Everything from the line containing "58.9h1.5M46 56.2h-1.5M46 58.3h1.5M47.5" through the line containing "139.4l2.1 2.1M140.1 125.9l3" should be repeated exactly, and nothing else from the data.

++++ INPUT DATA ++++

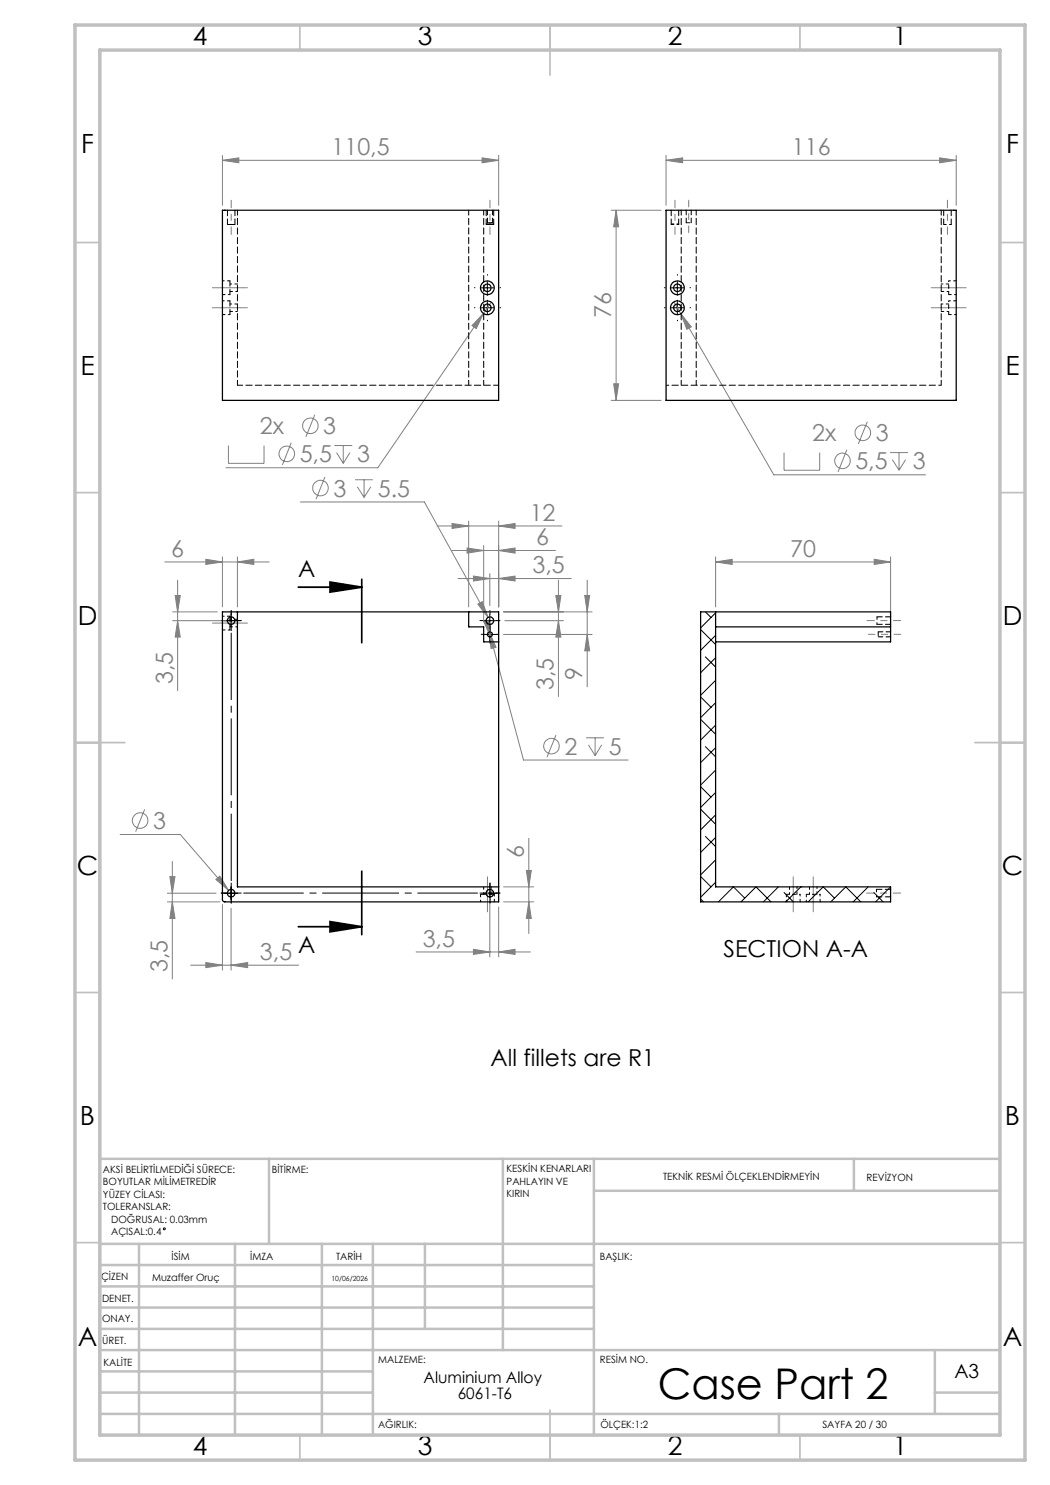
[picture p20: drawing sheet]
<svg xmlns="http://www.w3.org/2000/svg" width="210mm" height="297mm" viewBox="0 0 210 297" stroke-linecap="round" stroke-linejoin="round" font-family="sans-serif">
<defs><g id="words">
<text font-size="8.5" x="131.5" y="279.7">Case Part 2</text>
<g font-size="5.3">
<text x="38.5" y="8.9">4</text>
<text x="83.5" y="8.9">3</text>
<text x="133.6" y="8.9">2</text>
<text x="178.6" y="8.9">1</text>
<text x="16.2" y="30.7">F</text>
<text x="201.2" y="30.7">F</text>
<text x="16.1" y="74.9">E</text>
<text x="201.1" y="74.9">E</text>
<text x="15.5" y="124.9">D</text>
<text x="200.5" y="124.9">D</text>
<text x="15.4" y="174.9">C</text>
<text x="200.4" y="174.9">C</text>
<text x="16" y="224.9">B</text>
<text x="201" y="224.9">B</text>
<text x="15.5" y="269.2">A</text>
<text x="200.5" y="269.2">A</text>
<text x="38.5" y="290.9">4</text>
<text x="83.5" y="290.9">3</text>
<text x="133.6" y="290.9">2</text>
<text x="178.6" y="290.9">1</text>
</g>
<g font-size="4.7" fill="#808080">
<text x="66.3" y="31">110,5</text>
<text x="158.4" y="31">116</text>
<text x="122.2" y="63.6" transform="rotate(-90 122.2 63.6)">76</text>
<text x="52" y="86.9">2x</text>
<text x="64.7" y="86.9">3</text>
<text x="162.5" y="88.3">2x</text>
<text x="175.1" y="88.3">3</text>
<text x="59.9" y="92.5">5,5</text>
<text x="71.4" y="92.5">3</text>
<text x="171.1" y="93.9">5,5</text>
<text x="182.5" y="93.9">3</text>
<text x="66.7" y="99.3">3</text>
<text x="75.6" y="99.3">5.5</text>
<text x="105.9" y="104.2">12</text>
<text x="34.3" y="111.4">6</text>
<text x="107.2" y="109.1">6</text>
<text x="158.1" y="111.4">70</text>
<text x="106.5" y="114.7">3,5</text>
<text x="34.5" y="136.8" transform="rotate(-90 34.5 136.8)">3,5</text>
<text x="110.7" y="138" transform="rotate(-90 110.7 138)">3,5</text>
<text x="116.4" y="136" transform="rotate(-90 116.4 136)">9</text>
<text x="112.9" y="150.9">2</text>
<text x="121.8" y="150.9">5</text>
<text x="30.6" y="165.8">3</text>
<text x="104.8" y="171.5" transform="rotate(-90 104.8 171.5)">6</text>
<text x="52" y="192">3,5</text>
<text x="84.5" y="189.4">3,5</text>
<text x="33.5" y="194.5" transform="rotate(-90 33.5 194.5)">3,5</text>
</g>
<g font-size="4.7">
<text x="59.7" y="115.4">A</text>
<text x="59.7" y="190.7">A</text>
<text x="144.7" y="191.4">SECTION A-A</text>
<text x="98.1" y="213.2">All fillets are R1</text>
</g>
<text font-size="3.9" x="190.9" y="275.5">A3</text>
<g font-size="3.2">
<text x="84.7" y="276.5">Aluminium Alloy</text>
<text x="91.6" y="279.7">6061-T6</text>
</g>
<g font-size="2">
<text x="20.6" y="234.6">AKSİ BELİRTİLMEDİĞİ SÜRECE:</text>
<text x="20.6" y="237.1">BOYUTLAR MİLİMETREDİR</text>
<text x="20.6" y="239.6">YÜZEY CİLASI:</text>
<text x="54.4" y="234.6">BİTİRME:</text>
<text x="101.3" y="234.5">KESKİN KENARLARI</text>
<text x="101.3" y="237">PAHLAYIN VE</text>
<text x="101.3" y="239.5">KIRIN</text>
<text x="132.6" y="236">TEKNİK RESMİ ÖLÇEKLENDİRMEYİN</text>
<text x="173.3" y="236.2">REVİZYON</text>
<text x="20.6" y="242.1">TOLERANSLAR:</text>
<text x="22.2" y="244.6">DOĞRUSAL: 0.03mm</text>
<text x="22.2" y="247.1">AÇISAL:0.4</text>
<text x="34.3" y="252">İSİM</text>
<text x="50" y="251.9">İMZA</text>
<text x="67.2" y="251.9">TARİH</text>
<text x="120" y="251.9">BAŞLIK:</text>
<text x="20.2" y="256.1">ÇİZEN</text>
<text x="30.4" y="256.1">Muzaffer Oruç</text>
<text x="20.4" y="260.3">DENET.</text>
<text x="20.4" y="264.4">ONAY.</text>
<text x="20.5" y="268.8">ÜRET.</text>
<text x="20.7" y="273.1">KALİTE</text>
<text x="75.6" y="272.5">MALZEME:</text>
<text x="120" y="272.5">RESİM NO.</text>
<text x="75.6" y="285.5">AĞIRLIK:</text>
<text x="120.1" y="285.6">ÖLÇEK:1:2</text>
<text x="164.5" y="285.6">SAYFA 20 / 30</text>
</g>
<text font-size="1.4" x="66.3" y="256.1">10/06/2026</text>
</g></defs>
<g fill="none" stroke="#808080" stroke-width=".2">
<path d="M44.5 32.1l3.3-.5v1zM44.5 31.1v10M44.5 32.1h55.2M96.4 31.6l3.3 .5-3.3 .5zM99.7 31.1v10M133.2 32.1l3.3-.5v1zM133.2 32.1h58M133.2 31.1v10M187.9 31.6l3.3 .5-3.3 .5zM191.2 31.1v10M122.2 42h10M123.2 42v38.1"/>
<path d="M123.2 42l.5 3.4h-1zM96.7 62.7l-1.4 3-.9-.6zM98.2 60.4l-22.6 33.2h-30.4M122.7 76.8h1l-.5 3.3zM134.8 60.4l1.4 2.4M136.2 62.8l2.1 2.6-.9 .5zM136.2 62.8l18.6 32.2h30.3M45.7 89.1v3.6h7.1v-3.6M58.2 88.5l-1.7 4.5M63 82.9l-1.8 4.5M65 95.4l-1.8 4.4M66.9 89.1h3.5"/>
<path d="M67.3 90.5l1.4 2.2M68.7 89.1v3.6M70 90.5l-1.3 2.2M71 96h3.6M71.5 97.4l1.3 2.1M72.8 96v3.5M74.2 97.4l-1.4 2.1M122.2 80.1h10M156.8 90.5v3.5h7.1v-3.5M169.4 90l-1.8 4.4M173.5 84.3l-1.8 4.5M178 90.5h3.6"/>
<path d="M178.5 91.9l1.3 2.1M179.8 90.5v3.5M181.1 91.9l-1.3 2.1M32.9 112.4h20.9M35 119.1h1.1l-.6 3.3zM35.5 116v22.1M41.2 111.9l3.3 .5-3.3 .5zM44.5 111.4v10M47.5 112.4l3.3-.5v1zM47.5 111.4v10M60.1 100.4h24.8l12.7 23.1M87.4 105.2h25"/>
<path d="M90.4 110.1h20.7M90.4 104.7l3.3 .5-3.3 .5zM91.6 115.7h22.7M93.4 109.6l3.3 .5-3.3 .5zM93.7 104.2v17.2M94.7 115.2l3.3 .5-3.3 .5zM96.7 109.1v15.3M98 114.7v6.4M99.7 110.1l3.3-.5v1zM99.7 105.2l3.3-.5v1zM99.7 115.7l3.3-.5v1zM99.7 104.2v17.2"/>
<path d="M111.2 119.1h1l-.5 3.3zM111.7 116v23.3M116.9 119.1h1l-.5 3.3zM117.4 116v21.4M143.1 112.4l3.3-.5v1zM143.1 111.4v10M143.1 112.4h35M174.8 111.9l3.3 .5-3.3 .5zM178.1 111.4v13M34.5 124.1h10.7M34.5 122.4h9M35.5 124.1l.6 3.3h-1.1z"/>
<path d="M95.6 120.8l.8-.5 1.2 3.2zM96.8 124.3l1-.3 .3 3.4zM97.9 126.4l1.3 3.1-1 .2zM97.9 126.4l.2 1M98.1 127.4l6.6 24.6h20.9M100.7 122.4h17.7M100.7 126.9h17.7M101 124.1h11.7M111.7 124.1l.5 3.3h-1zM117.4 126.9l.5 3.3h-1zM111.2 147l-1.8 4.4M117.2 147.6h3.6"/>
<path d="M117.7 149l1.3 2.1M119 147.6v3.5M120.3 149l-1.3 2.1M24 166.9h12.1l9.6 11.2M28.9 161.9l-1.8 4.4M33.5 178.6h9.7M34 175.3h1l-.5 3.3zM34.5 172.3v23.5M43.2 175.9l.8-.7 1.7 2.9zM98 179.6v11.8M100.7 177.4h6.1M105.3 174.1h1l-.5 3.3z"/>
<path d="M105.8 167.7v19M33.5 180.4h10.5M34.5 180.4l.5 3.3h-1zM38.1 193h21.6M41.2 192.5l3.3 .5-3.3 .5zM44.5 180.9v13.1M46.2 193l3.3-.5v1zM46.2 181.6v12.4M83.2 190.4h22.9M94.7 189.9l3.3 .5-3.3 .5zM99.7 190.4l3.3-.5v1zM99.7 181.4v10"/>
<path d="M100.7 180.4h6.1M105.8 180.4l.5 3.3h-1z"/>
<circle cx="57.4" cy="90.8" r="1.56"/>
<circle cx="62.1" cy="85.2" r="1.56"/>
<circle cx="64.1" cy="97.6" r="1.55"/>
<circle cx="168.5" cy="92.2" r="1.55"/>
<circle cx="172.6" cy="86.6" r="1.55"/>
<circle cx="110.3" cy="149.2" r="1.56"/>
<circle cx="28" cy="164.1" r="1.55"/>
</g>
<g fill="none" stroke="#000" stroke-width=".2">
<path d="M96.2 57.6h2.5M97.5 56.3v2.5M134.2 57.6h2.5M135.5 56.3v2.5M96.2 61.6h2.5M97.5 60.3v2.5M134.2 61.6h2.5M135.5 60.3v2.5M45 124.1h2.5M46.2 122.9v2.5M96.7 124.1h2.5M96.7 126.9h2.5"/>
<path d="M98 122.9v2.5M98 125.6v2.5M45 178.6h2.5M46.2 177.4v2.5M96.7 178.6h2.5M98 177.4v2.5"/>
<circle cx="32.9" cy="245.8" r=".19"/>
</g>
<path d="M59.7 117.4h12.7M66 116.4l6.4 1-6.4 1zM72.4 115.8v12.7M72.4 174.2v12.7M59.7 185.3h12.7M66 184.3l6.4 1-6.4 1.1z" fill="none" stroke="#000" stroke-width=".35"/>
<g fill="none" stroke="#000" stroke-width=".2" stroke-dasharray="15.2 1.3 1.3 1.3">
<path d="M95 57.5h-.1M97.5 59v-.1M97.5 55v-.1M100 57.5h.1M133 57.5h-.1M135.5 59v-.1M135.5 55v-.1M138 57.5h.1M95 61.5h-.1M97.5 64v.2M97.5 60v.2M100 61.5h.1"/>
<path d="M133 61.5h-.1M135.5 64v.2M135.5 60v.2M138 61.5h.1M45 124.1h-.8M46.2 122.9v-.8M46.2 125.4v.7M46.2 124.1v-1.2M46.2 124.1h-1.2M46.2 124.1v1.3M46.2 124.1h1.3M47.5 124.1h.7"/>
<path d="M96.7 124.1h-.7M96.7 126.9h-.5M98 122.9v-.8M98 125.4v.7M98 125.6v-.5M98 128.1v.5M99.2 124.1h.8M99.2 126.9h.5M45 178.6h-.8M46.2 177.4v-.8M46.2 179.9v.7M47.5 178.6h.7"/>
<path d="M96.7 178.6h-.7M98 177.4v-.8M98 179.9v.7M98 178.6v-1.2M98 178.6h-1.3M98 178.6v1.3M98 178.6h1.2M99.2 178.6h.8"/>
</g>
<path d="M48.7 178.6h46.8" fill="none" stroke="#000" stroke-width=".2" stroke-dasharray="15.2 1.3 1.3 1.3" stroke-dashoffset="3.3"/>
<path d="M46.2 176.1v-49.5" fill="none" stroke="#000" stroke-width=".2" stroke-dasharray="15.2 1.3 1.3 1.3" stroke-dashoffset="1.9"/>
<path d="M173.4 124.1h6.7" fill="none" stroke="#808080" stroke-width=".2" stroke-dasharray="15.2 1.3 1.3 1.3" stroke-dashoffset="13.8"/>
<path d="M137.7 46.5v-6.5M173.6 126.9h6.5" fill="none" stroke="#808080" stroke-width=".2" stroke-dasharray="15.2 1.3 1.3 1.3" stroke-dashoffset="13.9"/>
<g fill="none" stroke="#808080" stroke-width=".2" stroke-dasharray="15.2 1.3 1.3 1.3">
<path d="M46 57.5h3.5M46 57.5h-3.5M189.7 57.5h-3.5M189.7 57.5h3.5M46 61.5h3.5M46 61.5h-3.5M189.7 61.5h-3.5M189.7 61.5h3.5M46 124.6h3.5M46 124.6h-3.5M97.5 178.9v-3.5M97.5 178.9v3.5"/>
<path d="M158.6 178.9v3.5M158.6 178.9v-3.5M162.6 178.9v3.5M162.6 178.9v-3.5"/>
</g>
<path d="M46.2 46.9v-6.9M98 46.9v-6.9M135 46.9v-6.9M189.5 46.9v-6.9M173.3 178.6h6.8" fill="none" stroke="#808080" stroke-width=".2" stroke-dasharray="15.2 1.3 1.3 1.3" stroke-dashoffset="13.7"/>
<g fill="none" stroke="#c0c0c0" stroke-width=".35">
<path d="M60 5v5M110 5v10M160 5v5M15 48.5h5M200 48.5h5M15 98.5h5M200 98.5h5M15 148.5h10M195 148.5h10M15 198.5h5M200 198.5h5M15 248.5h5"/>
<path d="M200 248.5h5M60 287v5M110 282v10M160 287v5"/>
</g>
<g fill="none" stroke="#c0c0c0" stroke-width=".5">
<path d="M53.8 231.8v17M100.6 231.8v38.2M118.8 231.8v55.2M118.8 238.2h81.2M170.8 231.8v6.4M200 231.8h-180v55.2M20 248.8h180M20 257.3h98.8M20 253h98.8M27.8 248.8v38.2M47 248.8v38.2M64.4 248.8v38.2"/>
<path d="M74.6 248.8v38.2M85 248.8v17M20 265.8h98.8M20 261.5h98.8M20 278.5h54.6M20 274.3h54.6M20 270h180M187 278.5h13M187 270v12.8M20 282.8h180M155.8 282.8v4.2"/>
</g>
<path d="M15 5h190v287h-190zM20 10h180v277h-180z" fill="none" stroke="#c0c0c0" stroke-width=".7"/>
<path d="M66 116.4l6.4 1-6.4 1zM66 184.3l6.4 1-6.4 1.1z" fill="#000"/>
<g fill="#808080">
<path d="M174.8 111.9l3.3 .5-3.3 .5zM143.1 112.4l3.3-.5v1z"/>
<path d="M96.4 31.6l3.3 .5-3.3 .5zM44.5 32.1l3.3-.5v1zM99.7 110.1l3.3-.5v1zM93.4 109.6l3.3 .5-3.3 .5zM99.7 190.4l3.3-.5v1zM94.7 189.9l3.3 .5-3.3 .5z"/>
<path d="M96.7 62.7l-2.3 2.4 .9 .6zM133.2 32.1l3.3-.5v1zM187.9 31.6l3.3 .5-3.3 .5zM136.2 62.8l1.2 3.1 .9-.5zM41.2 111.9l3.3 .5-3.3 .5zM47.5 112.4l3.3-.5v1zM41.2 192.5l3.3 .5-3.3 .5zM46.2 193l3.3-.5v1zM43.2 175.9l2.5 2.2-1.7-2.9zM95.6 120.8l2 2.7-1.2-3.2zM97.9 126.4l.3 3.3 1-.2zM96.8 124.3l1.3 3.1-.3-3.4z"/>
<path d="M122.7 76.8h1l-.5 3.3zM123.2 42l.5 3.4h-1zM111.7 124.1l.5 3.3h-1zM111.2 119.1h1l-.5 3.3zM117.4 126.9l.5 3.3h-1zM116.9 119.1h1l-.5 3.3zM35.5 124.1l.6 3.3h-1.1zM35 119.1h1.1l-.6 3.3z"/>
<path d="M105.3 174.1h1l-.5 3.3zM105.8 180.4l.5 3.3h-1zM34 175.3h1l-.5 3.3zM34.5 180.4l.5 3.3h-1z"/>
<path d="M90.4 104.7l3.3 .5-3.3 .5zM99.7 105.2l3.3-.5v1zM94.7 115.2l3.3 .5-3.3 .5zM99.7 115.7l3.3-.5v1z"/>
</g>
<g fill="none" stroke="#000" stroke-width=".25">
<path d="M44.5 42h55.2v38.1h-55.2zM133.2 42h58v38.1h-58zM44.5 122.4h55.2v58h-54.8l-.3-.2zM47.5 122.4v55h52.2M93.7 122.4v3h3v3h3M143.1 122.4v55h35v3h-38v-58h38v6h-35M143.1 125.4h35"/>
<circle cx="97.5" cy="57.6" r="1.37"/>
<circle cx="97.5" cy="57.6" r=".74"/>
<circle cx="135.5" cy="57.6" r="1.37"/>
<circle cx="135.5" cy="57.6" r=".74"/>
<circle cx="97.5" cy="61.6" r="1.37"/>
<circle cx="97.5" cy="61.6" r=".75"/>
<circle cx="135.5" cy="61.6" r="1.37"/>
<circle cx="135.5" cy="61.6" r=".74"/>
<circle cx="46.2" cy="124.1" r=".75"/>
<circle cx="98" cy="126.9" r=".5"/>
<circle cx="98" cy="124.1" r=".75"/>
<circle cx="46.2" cy="178.6" r=".75"/>
<circle cx="98" cy="178.6" r=".75"/>
</g>
<path d="M45.5 44.9h.7M46.2 44.9h.8M97.2 44.9h.8M97.2 44.8h.8M98 44.9h.7M98 44.8h.7" fill="none" stroke="#000" stroke-width=".2" stroke-dasharray="1.3 .6" stroke-dashoffset=".4"/>
<path d="M47.5 42v35M93.7 42v35M96.7 42v35M97.5 42v2.5M98.5 44.5v-2.5M136.2 42v35M137.2 42v2.5M138.2 44.5v-2.5M139.2 42v35M188.2 42v35M175.6 127.4h2.5M178.1 126.4h-2.5" fill="none" stroke="#000" stroke-width=".2" stroke-dasharray="1.3 .6" stroke-dashoffset=".3"/>
<g fill="none" stroke="#000" stroke-width=".2" stroke-dasharray="1.3 .6" stroke-dashoffset=".2">
<path d="M45.5 42v2.9M46 58.9v-2.7M47 44.9v-2.9M97.2 42v2.9M98.7 44.9v-2.9M134.2 42v2.9M135.7 44.9v-2.9M188.7 42v2.9M190.2 44.9v-2.9M46 62.9v-2.7M47.5 77h52.2M46 126v-2.8"/>
<path d="M175.4 124.9h2.7M178.1 123.4h-2.7M96.1 178.9h2.8M175.3 179.4h2.8M178.1 177.9h-2.8"/>
</g>
<path d="M97.5 44.5h.5M98 44.5h.5" fill="none" stroke="#000" stroke-width=".2" stroke-dasharray="1.3 .6"/>
<g fill="none" stroke="#000" stroke-width=".2" stroke-dasharray="1.3 .6" stroke-dashoffset=".8">
<path d="M44.5 58.9h1.5M46 56.2h-1.5M46 58.3h1.5M47.5 56.8h-1.5M134.2 44.9h1.5M134.2 44.8h1.5M188.2 58.3h1.5M188.7 44.9h1.5M189.7 58.9h1.5M189.7 56.8h-1.5M191.2 56.2h-1.5M44.5 62.9h1.5"/>
<path d="M46 60.2h-1.5M46 62.3h1.5M47.5 60.8h-1.5M133.2 77h55M188.2 62.3h1.5M189.7 62.9h1.5M189.7 60.8h-1.5M191.2 60.2h-1.5M44.5 126h1.5M46 123.2h-1.5M46 125.4h1.5M47.5 123.9h-1.5"/>
<path d="M175.4 123.4v1.5M96.1 178.9v1.5M96.7 177.4v1.5M98.2 178.9v-1.5M157.3 178.9v1.5M157.9 177.4v1.5M159.4 178.9v-1.5M161.3 178.9v1.5M161.9 177.4v1.5M163.4 178.9v-1.5M175.3 177.9v1.5M98.9 180.4v-1.5"/>
<path d="M160 180.4v-1.5M164 180.4v-1.5"/>
</g>
<path d="M189.7 57.5v-1.3M189.7 58.9v-1.4M189.7 61.5v-1.3M189.7 62.9v-1.4M157.3 178.9h1.3M158.6 178.9h1.4M161.3 178.9h1.3M162.6 178.9h1.4" fill="none" stroke="#000" stroke-width=".2" stroke-dasharray="1.3 .6" stroke-dashoffset=".7"/>
<path d="M137.2 44.5h1M175.6 126.4v1" fill="none" stroke="#000" stroke-width=".2" stroke-dasharray="1.3 .6" stroke-dashoffset=".5"/>
<g fill="none" stroke="#000" stroke-width=".2">
<path d="M140.1 139.4l2.1 2.1M140.1 125.9l3 3M141.1 131.4l2 2M141.1 122.4l1.1 1.1M143.1 122.6l-3 3M143.1 127.1l-3 3M143.1 131.5l-3 3M143.1 136.1l-3 3M140.1 157.3l2.1 2.1M140.1 143.9l3 3M141.1 149.3l2 2.1M143.1 140.5l-3 3"/>
<path d="M143.1 145l-3 3M143.1 149.5l-3 3M143.1 154l-3 3M143.1 158.5l-3 3M140.1 179.8l.6 .6M140.1 175.3l2.1 2.1M140.1 161.9l3 2.9M141.1 167.3l2 2M143.1 163l-3 3M143.1 167.5l-3 3M143.1 172l-3 3M143.1 176.5l-3 3"/>
<path d="M148.9 179.6l-2.2-2.2-3 3M155.7 177.4l-3 3M156.8 178.5l1.9 1.9M160.2 177.4h.1M160.2 177.4l-3 3M166.9 179.6l-2.3-2.2-3 3M173.6 177.4l-3 3M174.8 178.5l1.8 1.9M178.1 177.4l-3 3M148.2 180.4l3-3 3 3M166.2 180.4l3-3 3 3"/>
</g>
<use href="#words"/>
</svg>

++++

EXERCISE OUTPUT →
<path d="M44.5 58.9h1.5M46 56.2h-1.5M46 58.3h1.5M47.5 56.8h-1.5M134.2 44.9h1.5M134.2 44.8h1.5M188.2 58.3h1.5M188.7 44.9h1.5M189.7 58.9h1.5M189.7 56.8h-1.5M191.2 56.2h-1.5M44.5 62.9h1.5"/>
<path d="M46 60.2h-1.5M46 62.3h1.5M47.5 60.8h-1.5M133.2 77h55M188.2 62.3h1.5M189.7 62.9h1.5M189.7 60.8h-1.5M191.2 60.2h-1.5M44.5 126h1.5M46 123.2h-1.5M46 125.4h1.5M47.5 123.9h-1.5"/>
<path d="M175.4 123.4v1.5M96.1 178.9v1.5M96.7 177.4v1.5M98.2 178.9v-1.5M157.3 178.9v1.5M157.9 177.4v1.5M159.4 178.9v-1.5M161.3 178.9v1.5M161.9 177.4v1.5M163.4 178.9v-1.5M175.3 177.9v1.5M98.9 180.4v-1.5"/>
<path d="M160 180.4v-1.5M164 180.4v-1.5"/>
</g>
<path d="M189.7 57.5v-1.3M189.7 58.9v-1.4M189.7 61.5v-1.3M189.7 62.9v-1.4M157.3 178.9h1.3M158.6 178.9h1.4M161.3 178.9h1.3M162.6 178.9h1.4" fill="none" stroke="#000" stroke-width=".2" stroke-dasharray="1.3 .6" stroke-dashoffset=".7"/>
<path d="M137.2 44.5h1M175.6 126.4v1" fill="none" stroke="#000" stroke-width=".2" stroke-dasharray="1.3 .6" stroke-dashoffset=".5"/>
<g fill="none" stroke="#000" stroke-width=".2">
<path d="M140.1 139.4l2.1 2.1M140.1 125.9l3 3M141.1 131.4l2 2M141.1 122.4l1.1 1.1M143.1 122.6l-3 3M143.1 127.1l-3 3M143.1 131.5l-3 3M143.1 136.1l-3 3M140.1 157.3l2.1 2.1M140.1 143.9l3 3M141.1 149.3l2 2.1M143.1 140.5l-3 3"/>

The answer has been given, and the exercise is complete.